Les attentes en matière de protection de la vie privée peuvent être définies par une longue liste de facteurs. La Cour a énuméré les éléments suivants et indiqué qu’il pourrait en exister d’autres:

  • l’endroit où se trouvait la personne,
  • la nature de la conduite reprochée telle qu’une observation ou un enregistrement,
  • la connaissance ou le consentement de la personne,
  • la manière dont l’observation ou l’enregistrement a été fait,
  • l’objet ou le contenu de l’observation ou de l’enregistrement,
  • l’existence de règles, règlements ou politiques applicables,
  • la relation entre la personne et l’auteur,
  • l’objectif de l’observation ou de l’enregistrement,
  • les attributs personnels de la personne observée ou filmée. Par exemple, s’agit-il d’enfants et de jeunes

Dans la présente affaire, les jeunes élèves se trouvaient à leur école, cependant ont fait l’objet, sans leur connaissance ou leur consentement, d’enregistrements subreptices de leur corps à des fins sexuelles par une personne en qui elles avaient confiance, un enseignant (à qui l’école avait interdit de faire des enregistrements personnels d’élèves).
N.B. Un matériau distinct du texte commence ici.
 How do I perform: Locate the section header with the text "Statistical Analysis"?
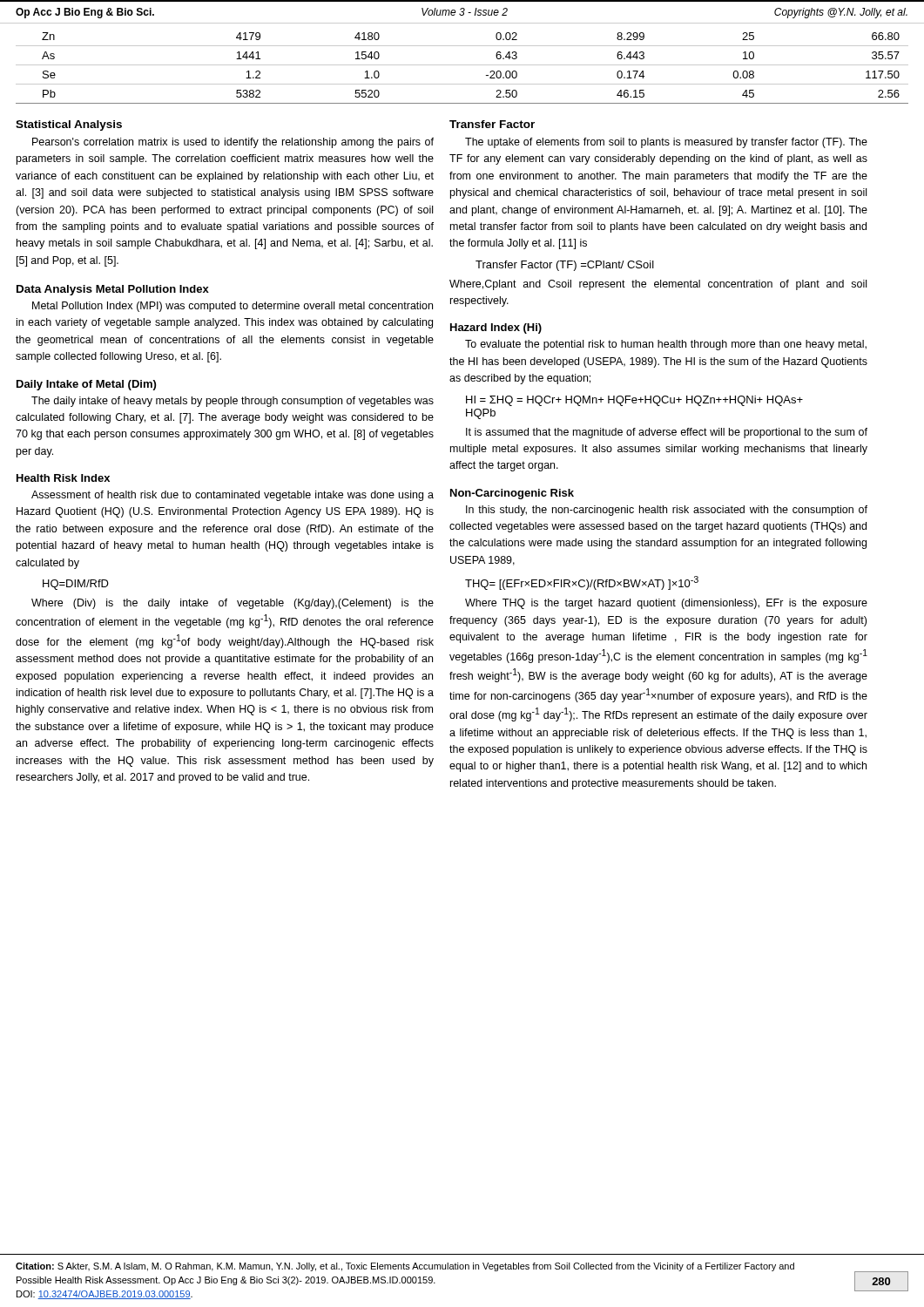tap(69, 124)

Il y a eu atteinte à leur attente raisonnable de protection en matière de vie privée.

Leçons à retenir pour les organisations

Les organisations, les employeurs et les administrateurs responsables de lieux où la surveillance de sécurité est utilisée et dont l’utilisation est indiquée doivent faire attention à la présence éventuelle de technologies d’observation et d’enregistrement invasives utilisées par des personnes présentes dans le lieu et au potentiel de responsabilité du fait d’autrui pour la conduite des employés. Pour les employeurs, cela signifie d’avoir une politique claire indiquant qu’il est interdit d’observer et d’enregistrer de façon subreptice des collègues, clients ou utilisateurs sans leur consentement.

La décision Jarvis a également une incidence importante sur la définition et l’élargissement éventuel de la responsabilité civile, délictuelle ou autre, en ce qui concerne les atteintes à la vie privée au Canada qui nécessitent de déterminer si le plaignant jouissait d’une attente raisonnable en matière de protection de la vie privée.